Data block memory module, disperses storage by partial data by data slicer mode and arrives each different node, number Access speed can be improved in a manner of concurrent according to accessing.Data block memory module carries out data block using fixed length block algorithm Division.The algorithm carries out cutting using the good block size of justice in advance to file, and carries out the weak strong check value of check value and md5.It is weak Check value first calculates weak check value and carries out hash lookups, if it find that then counting primarily to the performance of lifting difference coding Calculate the strong check values of md5 and make further hash and search., can be effective since weak check value calculation amount is more much smaller than md5 Improve coding efficiency；

Metadata management module, metadata are for recording the corresponding informance of file and data block in file system, first number According to the advantage of management module combination centralization and decentralization management, using the method for more copy distribution redundant storages.Provide first number According to more back-up processings and Version Control, to realize the fault-tolerance of metadata and high availability；

File system module includes two submodules again, and file describes submodule and file body submodule；File description Module records the description to file size, type, file mark, access limit etc.；File body submodule records file Actual data information.

File system module includes following functions：

Data block memory module includes following functions：

Metadata management module includes following functions：

The Version Control of metadata：The old version of certain amount (user can voluntarily be set) is preserved using tree structure, So that user is the recovery different versions, reduce the change of mistake influences caused by system.

The allocation schedule of storage scheduler module between the individual nodes has three kinds of strategies to select：

(1) greedy allocation strategy：Data block is distributed to the first memory node for having sufficient space；

(2) maximum residual space allocation policy：Data block is distributed to the memory node for having maximum residual space；

(3) polling dispatching allocation strategy：Distribution data block selects node to by polling dispatching.
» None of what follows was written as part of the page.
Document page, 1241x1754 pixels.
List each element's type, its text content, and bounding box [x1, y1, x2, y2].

Visualization model includes following functions：

Storage scheduling of the data between memory, SSD and HDD, then mainly to the greatest extent may be used according to data temperature evaluation mechanism Can be so that the high data copy of cache access frequency as far as possible in memory, SSD preserves the data copy that visiting frequency takes second place, and HDD Then preserve cold data copy.On the one hand the temperature of data can be set by system for each user, can also upload number in user According to when specify a kind of temperature.Temperature is divided into 0 to 3 four kinds of ranks, sets the accumulation layer of three copies on different nodes It is secondary, as shown in table 1.Such a storage strategy can play high access efficiency, and storage is improved while data high reliability is ensured The utilization rate of capacity.
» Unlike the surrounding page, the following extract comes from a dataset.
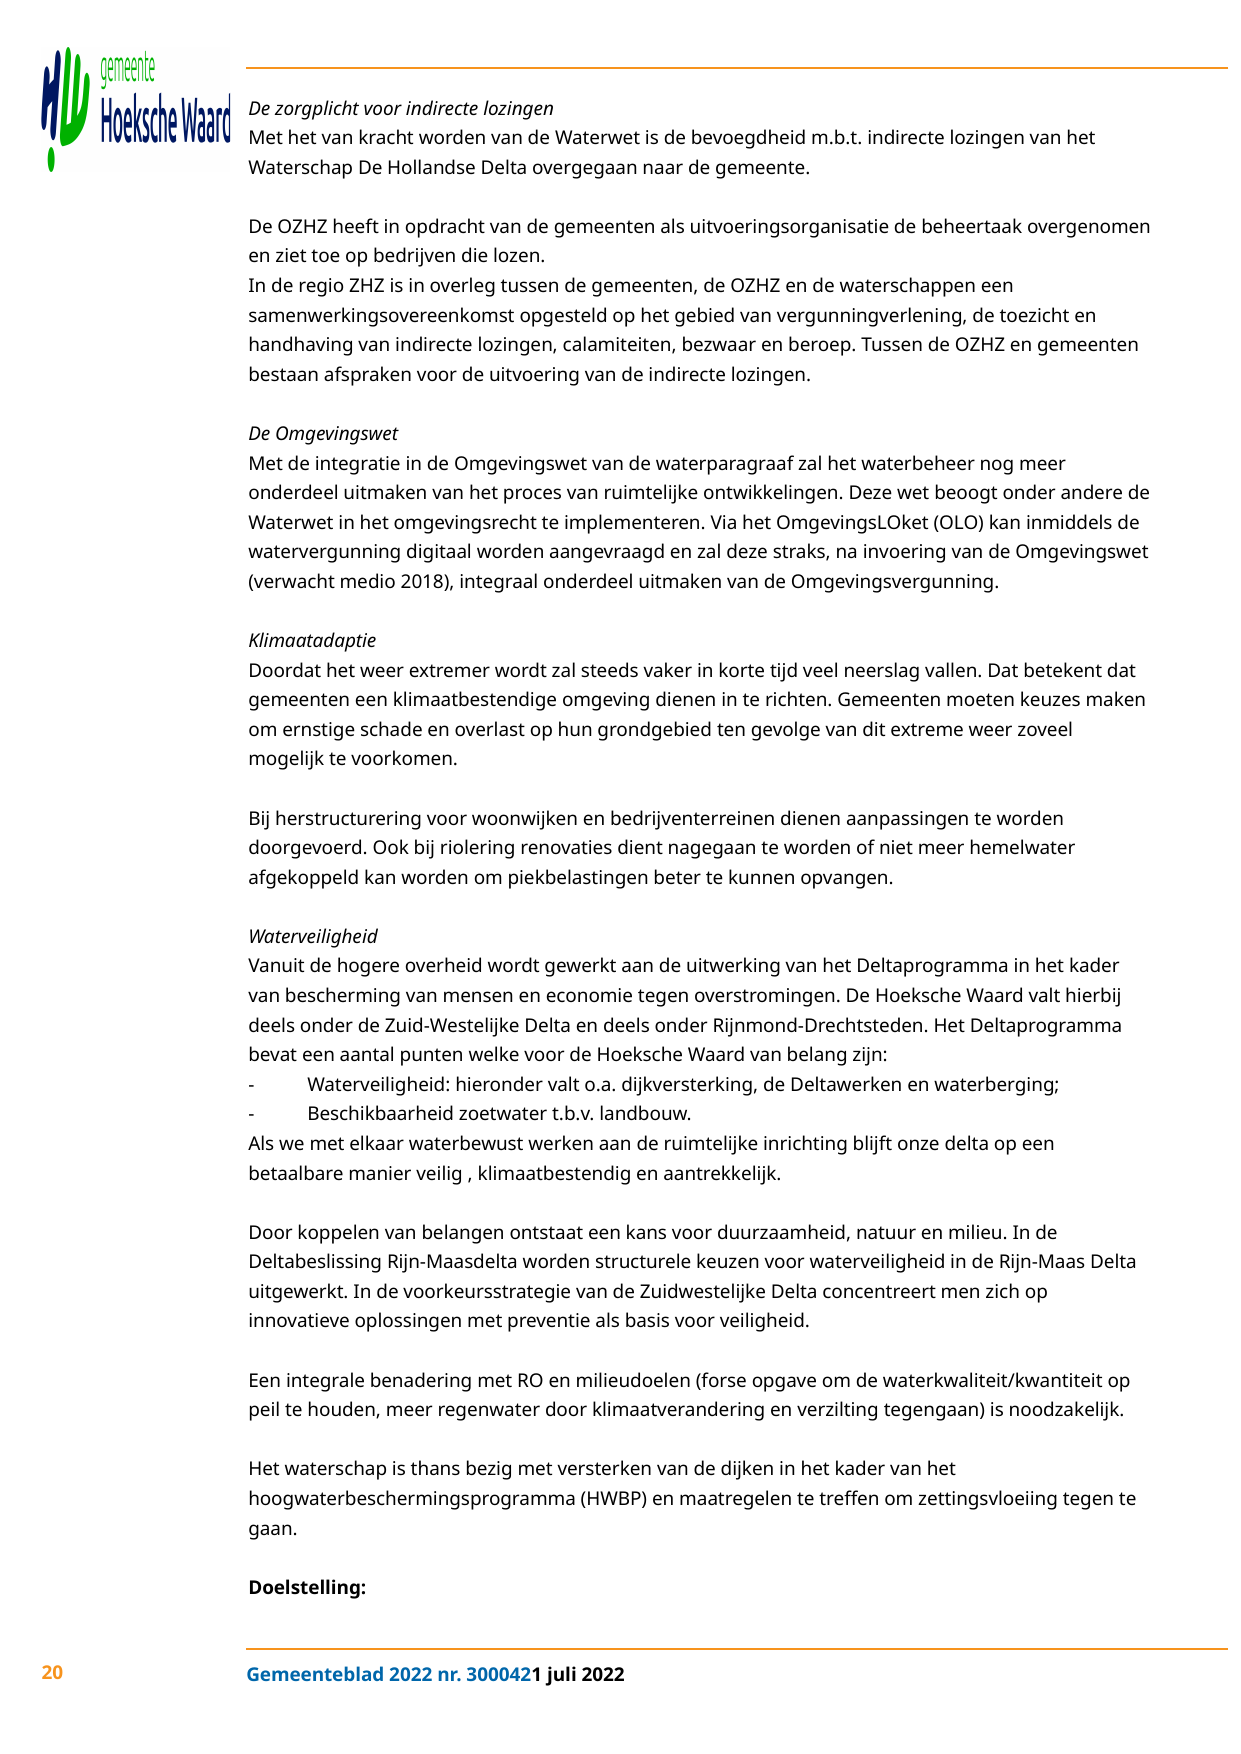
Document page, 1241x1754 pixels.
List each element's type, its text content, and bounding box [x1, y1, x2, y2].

1 data temperature storage strategy of table

Temperature rank	Primary copy	From copy	From copy
				0	Memory	SSD	SSD
1	Memory	SSD	HDD
				2	SSD	HDD	HDD
3	HDD	HDD	HDD

Since distributed file system uses the strategy of copy redundancy to realize data high availability, but reality is using In, it is not that each copy possesses very high accessed property.System realizes the dynamic migration of dsc data copy, hot copy loading To memory, cold copy is persisted to disk.

Storage migration ensure that data according to the actual requirements or actually use situation, different between a node to store Migration between level.Generally, the average I/O of some file nearest a period of time can reflect the temperature of this file；But Even if being that some files infrequently access, but it is needed to be called in time when accessing.So we have provided one to the user The parameter of a configurable file importance.
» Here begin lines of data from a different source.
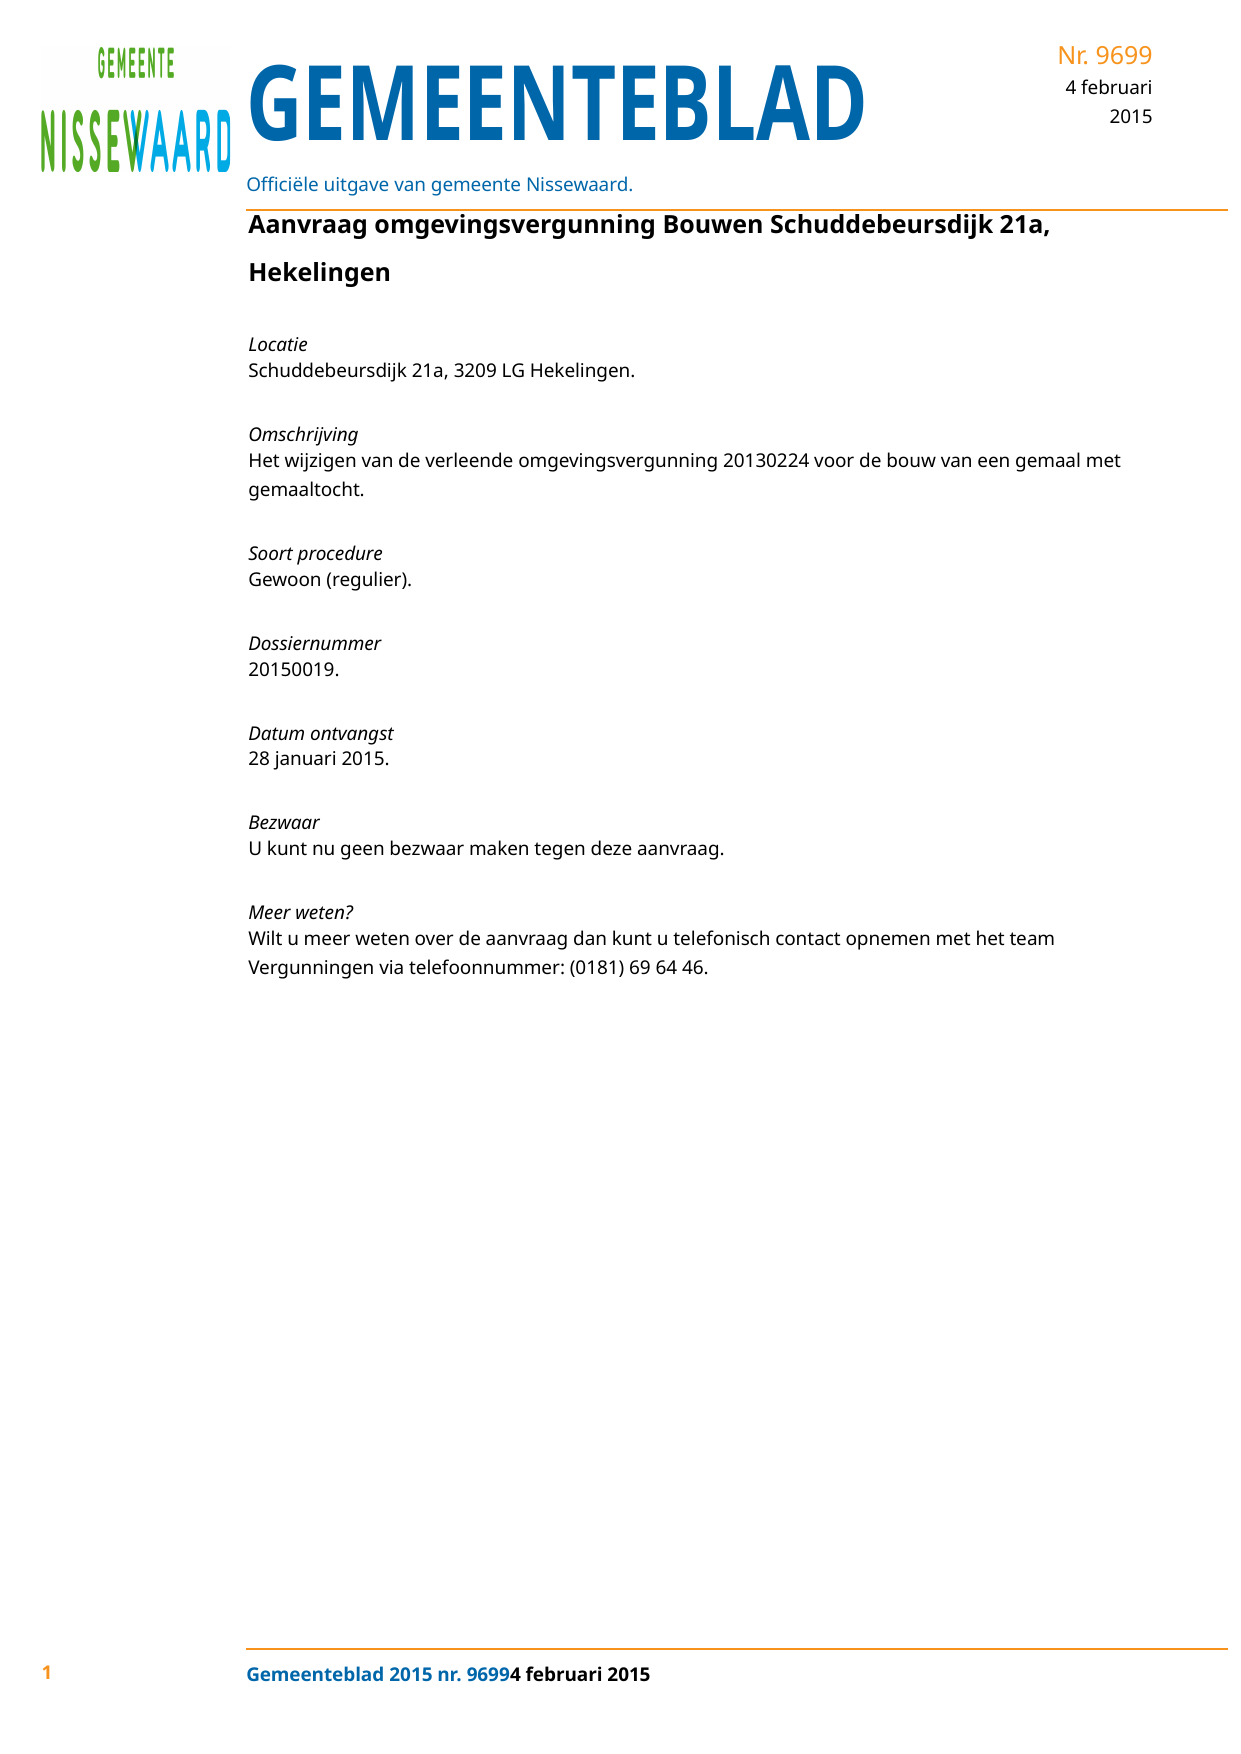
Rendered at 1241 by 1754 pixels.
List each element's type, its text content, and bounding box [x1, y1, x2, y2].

picture [200, 151, 206, 172]
text Omschrijving [248, 421, 1152, 447]
text Gewoon (regulier). [248, 566, 1152, 592]
text U kunt nu geen bezwaar maken tegen deze aanvraag. [248, 835, 1152, 861]
text 20150019. [248, 656, 1152, 682]
picture [41, 47, 231, 172]
text Schuddebeursdijk 21a, 3209 LG Hekelingen. [248, 357, 1152, 383]
text Aanvraag omgevingsvergunning Bouwen Schuddebeursdijk 21a, Hekelingen [248, 211, 1152, 288]
picture [201, 122, 206, 138]
text Locatie [248, 331, 1152, 357]
text Het wijzigen van de verleende omgevingsvergunning 20130224 voor de bouw van een gemaal met gemaaltocht. [248, 447, 1152, 502]
picture [176, 157, 187, 172]
text Wilt u meer weten over de aanvraag dan kunt u telefonisch contact opnemen met het team Vergunningen via telefoonnummer: (0181) 69 64 46. [248, 925, 1152, 980]
text 28 januari 2015. [248, 746, 1152, 771]
picture [154, 157, 165, 172]
picture [222, 122, 227, 160]
text Datum ontvangst [248, 720, 1152, 746]
text Dossiernummer [248, 630, 1152, 656]
text Meer weten? [248, 899, 1152, 925]
text Bezwaar [248, 809, 1152, 835]
text Soort procedure [248, 540, 1152, 566]

If regulation file is vital document, retains a copy and never degrade in memory, if regulation file is time weight Want file；Then retain a copy to determine whether to move back in SSD, the I/O that is averaged in the recent period according to file；If regulation file is not weigh Will, then retain copy and determine whether to move back in HDD, the I/O that is averaged in the recent period also according to file.The problem of in view of memory capacity, Final storage tier is finally determined according to file importance, average I/O and remaining three parameters of disk size.

Determine that the strategy of file level is as follows based on average I/O：

Average temperature approximate formula such as following formula (1)：

I/Oavg=(Anew-Aold)/(ST) ... ... (1)

Wherein, Anew is the statistical value for the nearest I/O activities of file read according to record log, and Aold is earliest statistics Value, S represent file size, and T represents default time value.

Workflow is as follows：In certain time interval T, the I/Oavg of All Files under the level is calculated, and finds out maximum Max and minimum value min.Certain I/O threshold values are set, will be stored less than the file destination of this value to migration queue.For sublevel The file hierarchy of level, sets threshold value of moving back, if more than the value, then puts files into queue of moving back.

The strategy of file level is determined according to disk space：The speed and appearance of tri- memory, SSD and HDD storage hierarchys Pyramid is presented in amount, in order to solve the problems, such as that the memory space of upper level more easily takes, to memory layers and SSD layers points Not She Zhi a headspace utilization rate threshold value, maximum Cmax and minimum value Cmin.If practical efficiency is more than Cmax, File system forces progress file to be moved out, if practical efficiency between Cmin and Cmax, suspends data write operation, it is allowed to Data are moved out operation；If practical efficiency is less than Cmin, pause data, which are moved out, operates the write-in of permission data.

The preferentially file of never labeled severity level, and select which data to move out in small significance data. Select the strategy moved out, there is provided following three kinds of modes：Greedy take-back strategy：Arbitrary block is removed until discharging required size Space.LRU take-back strategies：Remove space of the least recently used data block until discharging required size.Part LRU is returned Receive strategy：Based on least recently used removal, but selection has the storage catalogue in maximum residual space, only removes number from the catalogue According to block.

The present invention is the high efficiency storage technologies of a dynamic adjustment, and efficient data-storage system can be built by it. Data-storage system is by memory, the difference storage medium composition such as SSD and HDD, between different storage mediums by software definition into Row data are managed collectively.Data-storage system mainly includes file system module, data block memory module, metadata management module With storage scheduler module, the functions such as data communication and network interface, data management, data storage operations are provided to outside.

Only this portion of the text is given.